Jaap Arriens/NurPhoto via AP
Melting down a Gilded Age has never been easy. The great corporations of the first G.A.—rail, steel, oil—fiercely resisted those who sought to spread power and wealth to actual people during the Progressive Era, as their successors did with the coming of the New Deal. Today, our corporate overlords are at it again, with Amazon, SpaceX, and Trader Joe’s all responding to the prospect that their workers might opt to go union by challenging the constitutionality of the National Labor Relations Act, which gave workers the right to bargain collectively. The NLRA has been on the books for 89 years, and was upheld by the Supreme Court 87 years ago.
No less extreme is the response of the pharmaceutical industry to the provisions of the Inflation Reduction Act that have enabled the Biden administration to negotiate with drug companies over the price Medicare pays for ten widely used prescription drugs—drugs that cost less virtually everywhere else on the planet save in these United States.
According to an article in today’s Washington Post, Bristol Myers Squibb, Janssen, Novartis, and Novo Nordisk have all gone to court to keep the administration from bringing down drug prices so that they’re closer to the level they’re at in Europe, Asia, Latin America, and Canada. The article notes that the companies’ lawyers have argued that such action is unconstitutional “because it would force them to acknowledge in public that a lower price is a fairer one.”
A tear wells in the eye.
The druggies’ attorneys are almost certainly court-shopping—looking for a Republican judge who will stay the horror of more affordable medications. Partisan judgment is crucial here, as the Inflation Reduction Act got through Congress without a single Republican vote. By the same token, reducing these prices is an initiative that already is playing a major role in Joe Biden’s re-election campaign and in campaigns for Democratic House and Senate members.
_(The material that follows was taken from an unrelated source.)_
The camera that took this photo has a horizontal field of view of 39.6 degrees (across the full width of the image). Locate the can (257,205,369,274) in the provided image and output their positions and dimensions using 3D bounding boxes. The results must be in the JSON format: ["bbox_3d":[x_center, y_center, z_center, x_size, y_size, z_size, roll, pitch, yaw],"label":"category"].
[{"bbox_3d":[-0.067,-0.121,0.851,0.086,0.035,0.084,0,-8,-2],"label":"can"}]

The more that the public understands the difference between D’s and R’s on this issue—and between Biden (who pledged last week to make 500, not just ten, drugs subject to such negotiations if re-elected) and Trump—the better the chances that Biden and the Dems will have a good Election Day come November.
Still, they and we (the current and future medication-takers of America) need to do more to get this contrast before a substantially news-impervious public. How about public demonstrations outside every courtroom where the drug companies are trying out their arguments? Or outside the drug companies’ corporate headquarters, or just plain hospitals, or parks? I can think of a large number of groups, starting with but going well beyond the AARP, that could be doing this, and state and local Democratic Parties should be out there, too. I don’t doubt that the airwaves (or whatever the social media equivalent of an airwave is) will be filled with Democratic commercials highlighting this issue in the fall, but right now, our side is coming up short on popular mobilizations that turn out and speak both to base and swing voters, to lefties and moderates alike. To paraphrase Hillel, if not this, what? And if not now, when?